It's not that Steam's data is SUSPECT, it's just that it's a sample of a sample of the world market. Valve reported back in January that Steam has 120 million monthly users worldwide, which is a fairly representative sample size in most countries Steam is available in, but remember that not all users participate in the hardware survey, and in countries outside the USA, especially APAC countries such as China and Vietnam, internet cafés are much more prevalent than here in the USA, and that's something that Steam directly targets (Steam PC Café). It was reported last year that internet cafés were using their machines to mine cryptocurrency while they were shut due to Covid restrictions, so if a cafe gets 100 nVidia cards in so they can flog away at ether, those machines are still going to be running Steam for gaming as well, so the user share of nVidia increases.
The real test is going to be when Intel gaming GPUs start getting on the market...
The internet cafe multi-counting problem occurred a couple of years back and Steam fixed the problem. Outside of that, the data is suspect simply because Valve has never said how it samples. If you don't do a pure random sampling — for example, if you bias toward sampling "new" or "unknown" hardware, or even PCs where the hardware configuration has changed since the last sample — then it screws up the statistics in a very bad way. Steam doesn't disclose how many PCs were sampled each cycle either. Theoretically, it could be "all PCs connected to Steam," but then why actually ask for people to opt-in on the HW survey? So, it's a possibly not random sampling, and that's by far the biggest issue.
As for Steam not representing all users, that's less of an issue. Presumably there's very little correlation between AMD GPU owners not using Steam and Nvidia owners not using Steam — though Intel GPU users not using Steam wouldn't be as surprising (eg, a lot of business PCs don't ever run Steam). We're mostly interested in gaming GPUs used to play games, and Steam is by far the most popular gaming distribution service. If Steam China takes over for regular Steam in that country and its users no longer count toward the totals, that would be a potential problem, but AFAIK regular Steam still works in China. If anything, I'd expect China to skew more heavily toward Nvidia (it's a more respected brand there, again AFAIK), with or without Internet cafes.
I should note that the
overall percentages of the market, according to Steam's DX12 data, are 80.48% Nvidia, 14.81% AMD, 3.98% Intel, and then 0.73% "other." It's interesting that the Intel percentage is so low, as everything with UHD 500 or later should be DX12 compliant I think. I suppose most people with Skylake or later CPU aren't using the integrated graphics? Or maybe it needs to be Kaby Lake or later?
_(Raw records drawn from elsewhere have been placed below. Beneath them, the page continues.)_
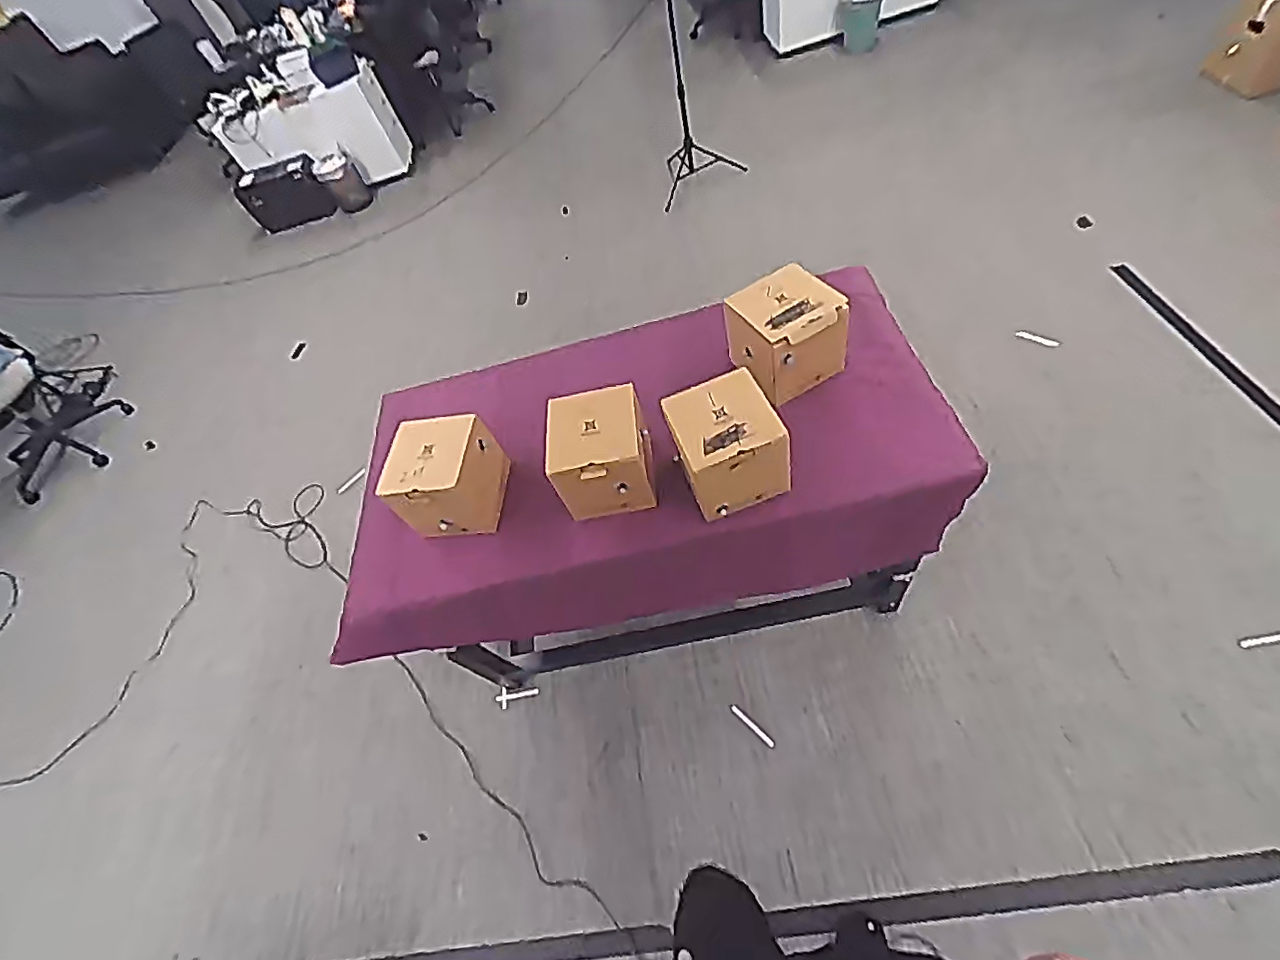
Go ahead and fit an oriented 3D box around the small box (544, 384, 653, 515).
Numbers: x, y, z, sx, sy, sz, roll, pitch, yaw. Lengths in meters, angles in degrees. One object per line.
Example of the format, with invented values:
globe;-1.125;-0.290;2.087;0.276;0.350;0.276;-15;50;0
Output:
small box;-0.073;-0.048;1.022;0.168;0.176;0.179;-10;55;8

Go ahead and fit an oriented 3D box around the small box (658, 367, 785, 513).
small box;0.150;-0.061;0.967;0.168;0.176;0.179;-22;53;1

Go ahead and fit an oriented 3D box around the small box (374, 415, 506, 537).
small box;-0.383;-0.003;1.074;0.168;0.176;0.179;-5;57;12

Another interesting fact: If you look at the Vulkan API numbers, things get
really screwy. Go ahead and add up the first 15 or so percentages in the Vulkan GPU list.
https://store.steampowered.com/hwsurvey/directx/ I'll help you out. For August, the first 15 GPUs in the Vulkan list sum up to 103.70%. Oops! In fact, the entire list of 384 GPUs sums up to 194.80%! Clearly something is fubar with the way Steam presents that data. The DirectX 12 GPUs, all 212 of them, sum up to 84.44% for August as well, which indicates a different sort of problem. I divided all of the numbers in the list by the total percentage in order to normalize things to 100%, but the data might still be wrong.
Fundamentally, Steam may collect data incorrectly (non-random sampling), and the API list doesn't properly sum up to 100%. We're looking at ALL GPUs that can run a specific API, so it should be 100%, and it's not. That's bad and reduces confidence in the underlying statistics. Basically, you can't trust the Steam Hardware Survey, even if it's the best publicly accessible set of data that we have.